> **ASSIGNMENT**: The part to set down runs from the first line of the data below through the line with "soap dispenser,0.432,-0.119,1.184,0.092,0.195,0.092,5,7,2", inclusive; write it exactly and leave out the pictures.

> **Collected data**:
- - -
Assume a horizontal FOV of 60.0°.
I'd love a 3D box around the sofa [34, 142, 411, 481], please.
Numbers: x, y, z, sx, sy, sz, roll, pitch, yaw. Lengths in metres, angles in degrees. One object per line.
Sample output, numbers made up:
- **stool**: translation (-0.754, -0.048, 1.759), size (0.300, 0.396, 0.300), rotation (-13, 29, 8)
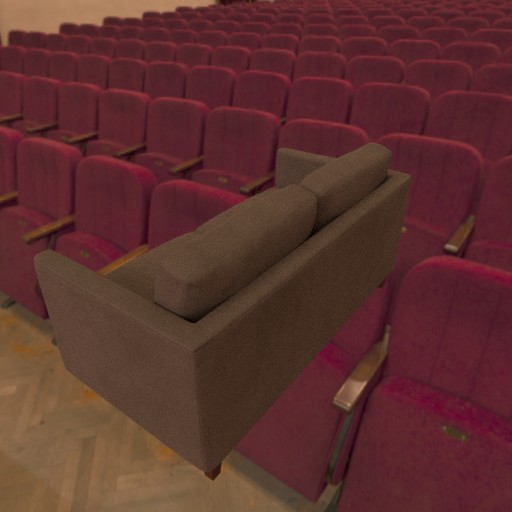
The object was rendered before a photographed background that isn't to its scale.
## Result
- **sofa**: translation (0.000, 0.000, 2.349), size (0.950, 0.963, 1.884), rotation (21, 37, 31)
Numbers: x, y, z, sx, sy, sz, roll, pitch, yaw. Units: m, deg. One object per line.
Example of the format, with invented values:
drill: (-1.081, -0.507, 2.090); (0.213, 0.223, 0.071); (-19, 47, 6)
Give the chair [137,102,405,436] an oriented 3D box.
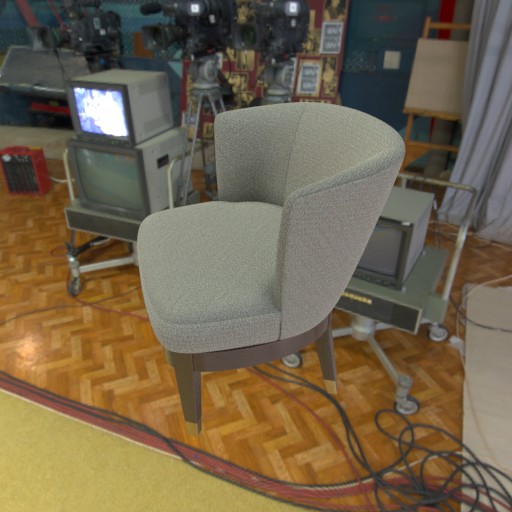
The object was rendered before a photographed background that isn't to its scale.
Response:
chair: (0.000, 0.000, 1.289); (0.660, 0.760, 0.700); (-8, 31, -14)
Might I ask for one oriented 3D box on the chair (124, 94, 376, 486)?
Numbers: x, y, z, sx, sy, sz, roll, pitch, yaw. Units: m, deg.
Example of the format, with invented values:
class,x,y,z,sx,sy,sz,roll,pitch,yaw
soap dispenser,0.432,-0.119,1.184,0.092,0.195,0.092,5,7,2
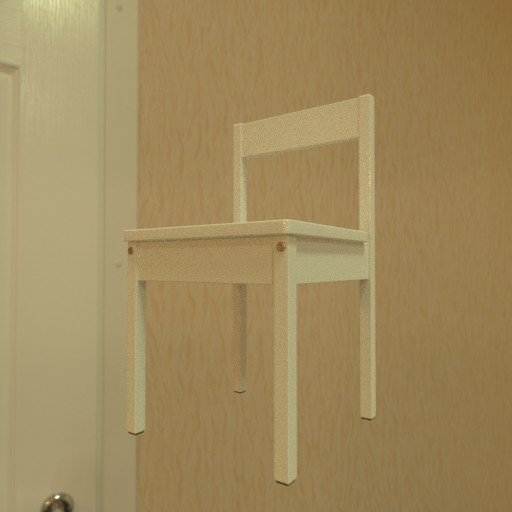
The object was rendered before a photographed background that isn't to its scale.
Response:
class,x,y,z,sx,sy,sz,roll,pitch,yaw
chair,0.000,0.000,0.878,0.367,0.668,0.361,-1,-1,35
- - -
> **ANSWER AREA**:
Assume a horizontal FOV of 60.0°.
I'd love a 3D box around the sofa [34, 142, 411, 481], please.
Numbers: x, y, z, sx, sy, sz, roll, pitch, yaw. Lengths in metres, angles in degrees. One object per line.
Sample output, numbers made up:
- **stool**: translation (-0.754, -0.048, 1.759), size (0.300, 0.396, 0.300), rotation (-13, 29, 8)
The object was rendered before a photographed background that isn't to its scale.
## Result
- **sofa**: translation (0.000, 0.000, 2.349), size (0.950, 0.963, 1.884), rotation (21, 37, 31)
Numbers: x, y, z, sx, sy, sz, roll, pitch, yaw. Units: m, deg. One object per line.
Example of the format, with invented values:
drill: (-1.081, -0.507, 2.090); (0.213, 0.223, 0.071); (-19, 47, 6)
Give the chair [137,102,405,436] an oriented 3D box.
The object was rendered before a photographed background that isn't to its scale.
Response:
chair: (0.000, 0.000, 1.289); (0.660, 0.760, 0.700); (-8, 31, -14)
Might I ask for one oriented 3D box on the chair (124, 94, 376, 486)?
Numbers: x, y, z, sx, sy, sz, roll, pitch, yaw. Units: m, deg.
Example of the format, with invented values:
class,x,y,z,sx,sy,sz,roll,pitch,yaw
soap dispenser,0.432,-0.119,1.184,0.092,0.195,0.092,5,7,2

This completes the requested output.